It’s nice to see that the spirit of First Hand magazine lives on.
Only on Queerty would a Reddit fantasy thread be posted as news
Pretty much all these guys are hoping that their “straight best friend” falls for them. Many refuse to admit that. But most stay in hope mode. And anything can indeed happen when you’re that young and when you spend so much time with someone.
What exactly is gay or straight or bi or queer? These have become such loose and sociological/political/situational terms that they’ve lost a significant amount of meaning. Perhaps if we stop giving these words so much weight maybe less guys who are unabashedly into guys and are looking to be with a guy would have less “straight guy” obsessions. Because ultimately, for everyone that’s not entirely heterosexual or homosexual in every way orientation can be a difficult thing to truly suss out and the romantic/sexual/affection/relationship spectrum is real and is sometimes influx, especially when you’re younger. While people are frequently more driven by emotions, comfort or situations rather than by their sex drives, especially when they’re feeling vulnerable and alone.
This does indeed read like slash fiction, even if it is true. And honestly, if the story is legit it sounds more like his friend is pretty much using him as support and as a rebound until he finds another suitable female partner. I hate to be that cynical, but it sounds more like that than someone “falling in love” and genuinely wanting to be with someone. And yes, so much of gay media’s obsession with hetero-leaning guys and/or dudes who present themselves as “straight” is tiresome.
It’s a nice story that reeks like someone’s wet dream / fantasy as I suppose most of us can relate but with a different ending.
The guy who wrote this on Reddit is probably some middle-aged twink chaser
I’m going to be open and believe this is real.
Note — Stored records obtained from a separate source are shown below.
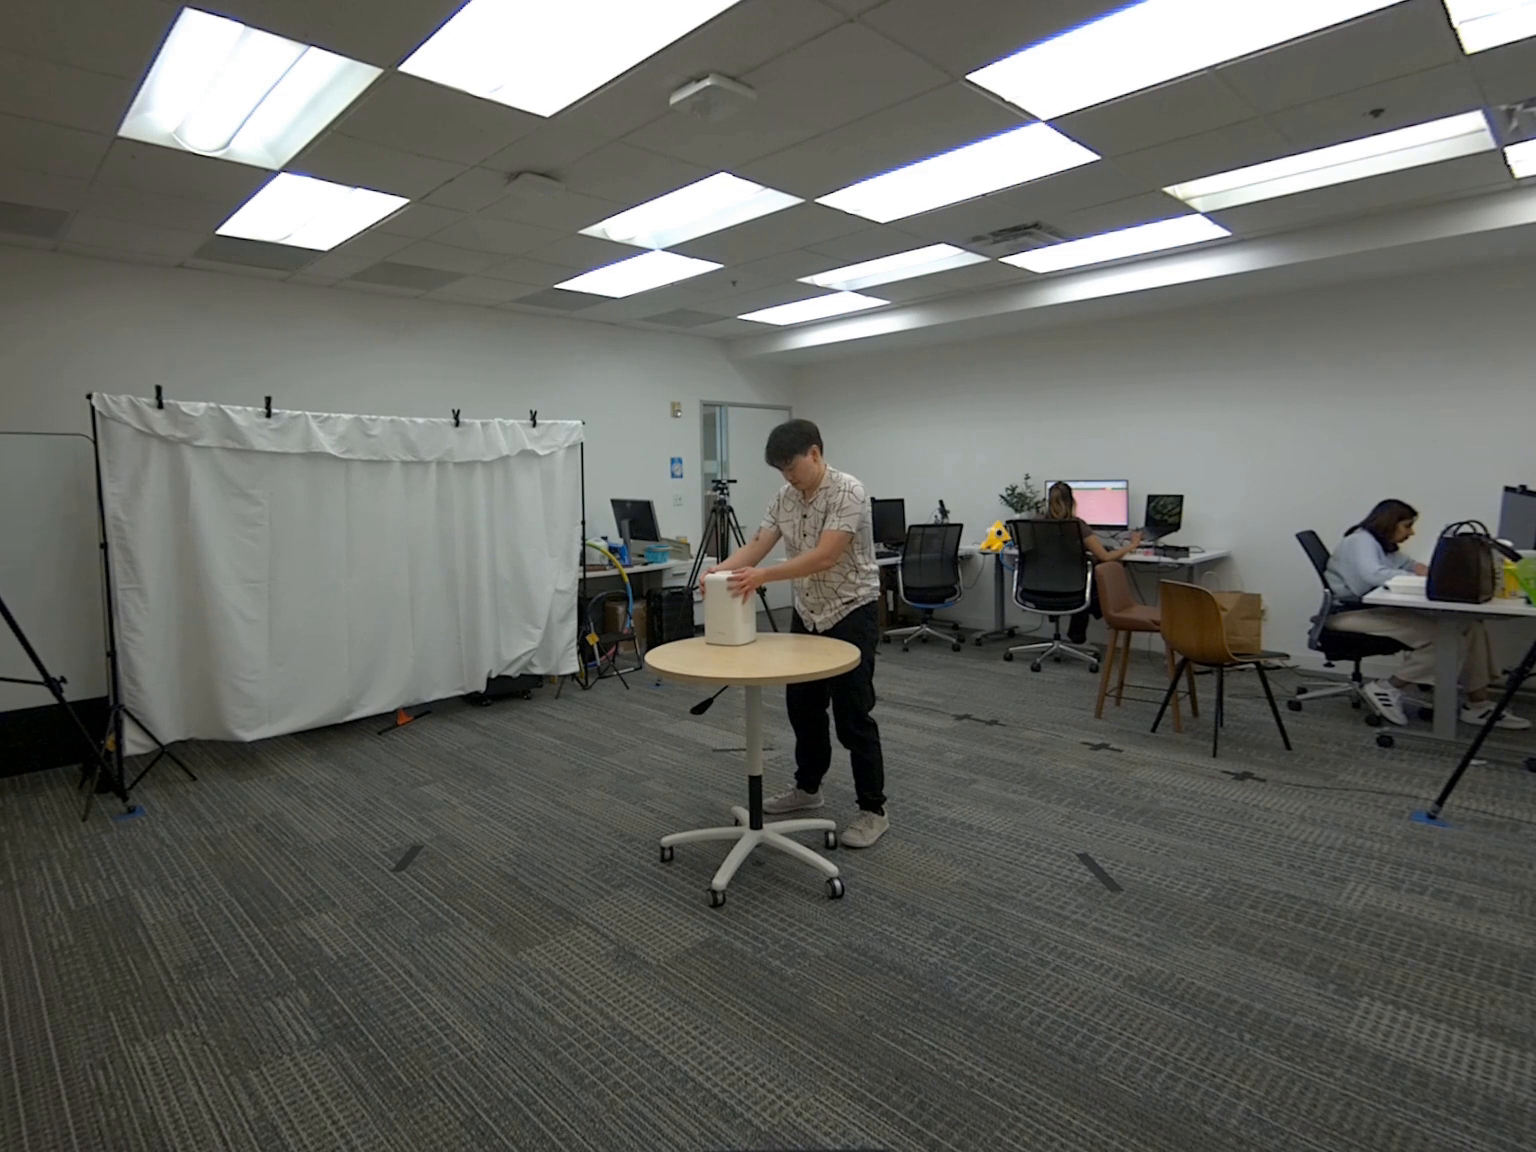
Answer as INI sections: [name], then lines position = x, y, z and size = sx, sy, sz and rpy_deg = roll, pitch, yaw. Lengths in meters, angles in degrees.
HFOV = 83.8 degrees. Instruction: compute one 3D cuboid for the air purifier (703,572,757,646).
[air purifier]
position = -0.145, 0.120, 3.261
size = 0.175, 0.265, 0.168
rpy_deg = -1, 3, 27

I had a situation that came very close to this. A pledge brother that I had a uncontrollable attraction and desire for. On two occasions it was a kiss then a naked frolick that turned a bit sexual. We discussed it 10 years later as non-college kids, he wasn’t sure where it might have gone had he allowed it or I had been a bit for forward. Many of these might have gone the direction of this story, but our hang-ups with same-sex attraction, especially 30 years ago, kept them in the closet.
Well, these are teenagers who are still developing their preferences and settling into where they are on the romantic, sexual, affection, relationship spectrum. There are many guys, especially younger, who do experience some degree of fluidity and/or have a difficult time understanding their attractions or have a difficult time embracing being overall homo-leaning. So, I wouldn’t be surprised if the story actually was true. But it does get a lil’ tiresome to constantly read about gay-identifying guys being obsessed with straight-identifying and/or hetero-leaning guys. It gets a lil’ tiresome that so many gay-identifying men seem obsessed with propping up straight/bi identifying men and look to them as superior partnership options. As a “community” we still haven’t truly confronted how persistent internalized homophobia is and how persistent hetero worship is. Hell, we still haven’t fully embraced the spectrum. Because of that it makes stories like this (he was “straight” but then he fell in love with me) seem more problematic, even if they’re factual. However, when you’re a homosexual/homo-leaning/homoromantic/gay teenager in high school your options are very limited. So, I get it. And ultimately, life isn’t about identity but self-truth, not being driven fear or sociology and not being afraid to be with/love who you truly want to be with/love.
Oh look! The next Janes Charles in the making. This 17 year old better be careful, cuz as soon as his ‘straight’ decides he’s going back to being ‘straight’, guess who will be the predator…
Awwww! Hits a playa right in the feels!